▶ **GOAL OF THE EXERCISE**
Beneath this instruction is a listing; print exactly the lines in it starting at the line that contains "9. sneaker at [230, 203, 239, 251]" and going through the line that contains "15. ink cartridge box at [460, 247, 464, 249]".

[Opening RECORDED DATA section]

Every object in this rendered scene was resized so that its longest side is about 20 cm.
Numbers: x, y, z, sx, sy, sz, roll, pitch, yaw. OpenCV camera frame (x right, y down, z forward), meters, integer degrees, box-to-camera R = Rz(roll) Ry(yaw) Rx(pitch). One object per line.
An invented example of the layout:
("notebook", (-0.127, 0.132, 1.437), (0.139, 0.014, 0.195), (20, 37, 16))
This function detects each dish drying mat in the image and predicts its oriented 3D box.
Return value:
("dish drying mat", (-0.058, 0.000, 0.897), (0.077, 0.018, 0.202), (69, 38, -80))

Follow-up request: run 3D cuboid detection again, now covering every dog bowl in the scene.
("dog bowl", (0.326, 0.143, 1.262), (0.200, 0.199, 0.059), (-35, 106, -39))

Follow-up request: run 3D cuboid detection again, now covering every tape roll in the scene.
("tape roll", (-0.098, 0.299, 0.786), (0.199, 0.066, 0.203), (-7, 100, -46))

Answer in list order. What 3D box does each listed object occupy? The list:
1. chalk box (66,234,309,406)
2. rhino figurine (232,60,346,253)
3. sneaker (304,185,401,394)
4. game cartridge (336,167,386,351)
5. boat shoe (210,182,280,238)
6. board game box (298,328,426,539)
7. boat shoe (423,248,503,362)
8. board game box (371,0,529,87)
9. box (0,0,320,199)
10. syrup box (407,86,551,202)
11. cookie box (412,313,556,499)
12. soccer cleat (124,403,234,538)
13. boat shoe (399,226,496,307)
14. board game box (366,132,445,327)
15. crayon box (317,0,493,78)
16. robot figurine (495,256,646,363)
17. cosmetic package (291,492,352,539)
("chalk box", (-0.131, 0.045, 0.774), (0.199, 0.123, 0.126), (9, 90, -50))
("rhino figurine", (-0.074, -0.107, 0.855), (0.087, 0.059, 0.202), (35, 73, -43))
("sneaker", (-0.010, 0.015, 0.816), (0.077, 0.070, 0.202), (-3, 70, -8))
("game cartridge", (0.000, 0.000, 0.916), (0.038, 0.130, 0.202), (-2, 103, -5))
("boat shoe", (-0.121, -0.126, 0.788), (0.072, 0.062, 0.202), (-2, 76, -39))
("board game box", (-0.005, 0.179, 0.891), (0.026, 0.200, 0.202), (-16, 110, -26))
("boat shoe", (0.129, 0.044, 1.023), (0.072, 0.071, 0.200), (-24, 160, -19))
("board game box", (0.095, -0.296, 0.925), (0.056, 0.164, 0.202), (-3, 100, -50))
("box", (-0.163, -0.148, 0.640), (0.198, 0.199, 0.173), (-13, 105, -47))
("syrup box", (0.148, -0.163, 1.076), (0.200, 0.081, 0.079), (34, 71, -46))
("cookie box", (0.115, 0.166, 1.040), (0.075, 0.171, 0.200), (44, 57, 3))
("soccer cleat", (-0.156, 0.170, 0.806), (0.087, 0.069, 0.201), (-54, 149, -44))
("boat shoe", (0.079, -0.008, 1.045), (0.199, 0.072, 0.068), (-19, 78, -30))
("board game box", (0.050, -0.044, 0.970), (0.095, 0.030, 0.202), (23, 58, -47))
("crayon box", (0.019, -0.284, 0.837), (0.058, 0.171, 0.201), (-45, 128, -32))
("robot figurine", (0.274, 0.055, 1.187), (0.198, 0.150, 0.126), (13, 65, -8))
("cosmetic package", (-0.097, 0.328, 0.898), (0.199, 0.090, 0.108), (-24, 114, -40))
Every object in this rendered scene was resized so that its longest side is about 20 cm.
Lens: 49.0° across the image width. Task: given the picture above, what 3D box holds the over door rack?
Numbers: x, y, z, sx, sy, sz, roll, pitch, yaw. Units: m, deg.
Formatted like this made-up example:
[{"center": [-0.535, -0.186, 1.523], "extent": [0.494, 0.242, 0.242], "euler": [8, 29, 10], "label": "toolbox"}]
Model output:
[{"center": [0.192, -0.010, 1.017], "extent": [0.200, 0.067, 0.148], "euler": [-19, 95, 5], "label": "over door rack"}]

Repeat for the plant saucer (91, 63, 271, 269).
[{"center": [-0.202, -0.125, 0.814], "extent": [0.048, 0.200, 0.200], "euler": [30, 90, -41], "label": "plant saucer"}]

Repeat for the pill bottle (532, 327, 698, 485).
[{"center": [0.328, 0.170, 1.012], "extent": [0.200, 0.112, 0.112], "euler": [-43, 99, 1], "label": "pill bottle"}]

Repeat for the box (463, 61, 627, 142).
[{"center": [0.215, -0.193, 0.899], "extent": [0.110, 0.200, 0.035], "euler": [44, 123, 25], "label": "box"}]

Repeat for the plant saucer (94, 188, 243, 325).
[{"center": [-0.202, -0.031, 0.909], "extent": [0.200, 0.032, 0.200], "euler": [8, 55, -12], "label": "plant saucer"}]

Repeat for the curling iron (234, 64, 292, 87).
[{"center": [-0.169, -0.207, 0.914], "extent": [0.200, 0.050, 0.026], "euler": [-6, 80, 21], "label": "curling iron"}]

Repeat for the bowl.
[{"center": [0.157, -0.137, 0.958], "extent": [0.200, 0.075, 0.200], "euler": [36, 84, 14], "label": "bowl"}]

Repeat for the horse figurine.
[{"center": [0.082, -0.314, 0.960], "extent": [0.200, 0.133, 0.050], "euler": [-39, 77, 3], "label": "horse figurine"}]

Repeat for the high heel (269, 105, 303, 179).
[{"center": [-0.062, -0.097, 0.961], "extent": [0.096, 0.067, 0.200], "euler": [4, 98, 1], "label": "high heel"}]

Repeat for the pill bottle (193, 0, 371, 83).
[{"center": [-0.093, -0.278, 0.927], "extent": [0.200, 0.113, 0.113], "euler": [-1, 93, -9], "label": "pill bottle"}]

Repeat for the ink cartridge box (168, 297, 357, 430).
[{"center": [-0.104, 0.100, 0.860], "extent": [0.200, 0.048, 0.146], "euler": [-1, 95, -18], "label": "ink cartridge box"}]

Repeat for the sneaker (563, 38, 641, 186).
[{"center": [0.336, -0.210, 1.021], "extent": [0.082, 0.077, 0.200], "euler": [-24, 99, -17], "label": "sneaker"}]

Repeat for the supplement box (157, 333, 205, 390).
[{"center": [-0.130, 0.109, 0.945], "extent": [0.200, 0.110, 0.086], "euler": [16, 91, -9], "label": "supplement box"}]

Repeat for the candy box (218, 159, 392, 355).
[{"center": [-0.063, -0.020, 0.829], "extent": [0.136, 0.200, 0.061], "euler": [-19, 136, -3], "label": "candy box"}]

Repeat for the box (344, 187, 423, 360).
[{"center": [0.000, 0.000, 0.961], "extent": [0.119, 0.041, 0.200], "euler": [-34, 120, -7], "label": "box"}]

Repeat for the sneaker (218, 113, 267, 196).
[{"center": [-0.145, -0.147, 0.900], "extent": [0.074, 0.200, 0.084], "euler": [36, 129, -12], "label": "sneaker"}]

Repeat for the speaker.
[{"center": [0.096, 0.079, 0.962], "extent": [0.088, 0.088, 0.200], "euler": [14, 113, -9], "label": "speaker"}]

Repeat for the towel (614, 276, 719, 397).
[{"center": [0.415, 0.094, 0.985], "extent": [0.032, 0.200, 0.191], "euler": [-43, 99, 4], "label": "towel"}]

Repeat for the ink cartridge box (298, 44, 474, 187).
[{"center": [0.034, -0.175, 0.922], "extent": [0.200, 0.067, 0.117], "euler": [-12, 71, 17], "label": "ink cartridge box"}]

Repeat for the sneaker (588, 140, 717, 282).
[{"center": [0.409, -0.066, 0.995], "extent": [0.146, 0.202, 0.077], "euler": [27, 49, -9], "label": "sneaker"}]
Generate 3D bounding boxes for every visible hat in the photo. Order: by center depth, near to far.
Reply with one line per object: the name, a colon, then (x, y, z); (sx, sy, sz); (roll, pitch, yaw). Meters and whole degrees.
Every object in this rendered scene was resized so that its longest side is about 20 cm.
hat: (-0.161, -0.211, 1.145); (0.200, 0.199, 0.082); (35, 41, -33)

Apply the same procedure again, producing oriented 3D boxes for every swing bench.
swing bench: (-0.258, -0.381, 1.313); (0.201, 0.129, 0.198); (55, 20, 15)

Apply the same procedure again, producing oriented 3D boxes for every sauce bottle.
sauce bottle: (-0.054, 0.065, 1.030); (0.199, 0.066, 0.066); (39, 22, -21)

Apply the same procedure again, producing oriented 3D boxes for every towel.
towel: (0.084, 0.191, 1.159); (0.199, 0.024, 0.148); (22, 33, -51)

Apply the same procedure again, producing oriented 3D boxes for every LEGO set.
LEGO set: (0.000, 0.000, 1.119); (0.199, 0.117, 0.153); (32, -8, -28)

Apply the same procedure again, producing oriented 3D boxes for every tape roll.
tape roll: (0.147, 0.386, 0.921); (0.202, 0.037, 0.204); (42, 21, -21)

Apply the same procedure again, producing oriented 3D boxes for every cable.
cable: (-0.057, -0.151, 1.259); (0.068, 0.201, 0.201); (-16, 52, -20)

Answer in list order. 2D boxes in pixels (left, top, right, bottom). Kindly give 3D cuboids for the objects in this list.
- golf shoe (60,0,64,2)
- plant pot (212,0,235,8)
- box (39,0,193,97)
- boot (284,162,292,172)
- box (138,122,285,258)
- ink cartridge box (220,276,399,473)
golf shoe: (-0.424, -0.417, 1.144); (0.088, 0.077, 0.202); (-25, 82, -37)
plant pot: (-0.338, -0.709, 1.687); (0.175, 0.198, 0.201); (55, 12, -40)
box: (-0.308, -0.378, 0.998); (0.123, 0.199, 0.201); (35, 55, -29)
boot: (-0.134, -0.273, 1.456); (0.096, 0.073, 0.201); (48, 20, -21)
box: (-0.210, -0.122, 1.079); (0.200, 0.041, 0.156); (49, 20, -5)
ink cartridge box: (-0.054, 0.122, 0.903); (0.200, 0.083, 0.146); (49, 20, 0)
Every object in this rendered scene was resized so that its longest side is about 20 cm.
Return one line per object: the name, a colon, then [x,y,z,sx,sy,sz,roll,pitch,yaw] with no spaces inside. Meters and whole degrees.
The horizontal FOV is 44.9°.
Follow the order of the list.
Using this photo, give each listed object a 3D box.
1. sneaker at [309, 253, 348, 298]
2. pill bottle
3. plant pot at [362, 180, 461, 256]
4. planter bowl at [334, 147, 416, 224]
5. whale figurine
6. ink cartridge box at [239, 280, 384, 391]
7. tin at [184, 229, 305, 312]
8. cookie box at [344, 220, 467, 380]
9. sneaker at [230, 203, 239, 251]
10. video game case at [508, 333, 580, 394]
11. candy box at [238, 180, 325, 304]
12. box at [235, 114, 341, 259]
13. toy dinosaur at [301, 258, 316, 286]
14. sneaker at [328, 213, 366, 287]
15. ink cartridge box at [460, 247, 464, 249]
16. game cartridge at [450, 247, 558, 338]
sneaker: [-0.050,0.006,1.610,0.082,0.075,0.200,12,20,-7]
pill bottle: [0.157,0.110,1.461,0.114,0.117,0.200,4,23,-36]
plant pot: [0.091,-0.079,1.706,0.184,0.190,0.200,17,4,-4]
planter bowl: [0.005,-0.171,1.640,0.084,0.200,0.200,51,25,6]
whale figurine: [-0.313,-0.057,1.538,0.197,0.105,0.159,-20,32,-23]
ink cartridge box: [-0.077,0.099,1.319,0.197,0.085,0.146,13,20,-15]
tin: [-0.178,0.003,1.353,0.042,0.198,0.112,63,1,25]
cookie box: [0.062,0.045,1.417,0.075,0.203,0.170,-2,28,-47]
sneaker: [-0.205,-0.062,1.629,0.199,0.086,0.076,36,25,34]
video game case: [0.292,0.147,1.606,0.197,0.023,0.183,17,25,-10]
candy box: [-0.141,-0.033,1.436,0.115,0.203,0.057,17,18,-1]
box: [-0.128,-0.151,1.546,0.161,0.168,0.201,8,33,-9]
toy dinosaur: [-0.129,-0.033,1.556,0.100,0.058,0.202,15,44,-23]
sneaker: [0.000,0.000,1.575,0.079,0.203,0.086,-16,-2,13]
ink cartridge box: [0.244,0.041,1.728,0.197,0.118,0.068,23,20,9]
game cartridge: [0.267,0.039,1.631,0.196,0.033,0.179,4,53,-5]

[Closing RECORDED DATA section]

▶ **THE ANSWER**
9. sneaker at [230, 203, 239, 251]
10. video game case at [508, 333, 580, 394]
11. candy box at [238, 180, 325, 304]
12. box at [235, 114, 341, 259]
13. toy dinosaur at [301, 258, 316, 286]
14. sneaker at [328, 213, 366, 287]
15. ink cartridge box at [460, 247, 464, 249]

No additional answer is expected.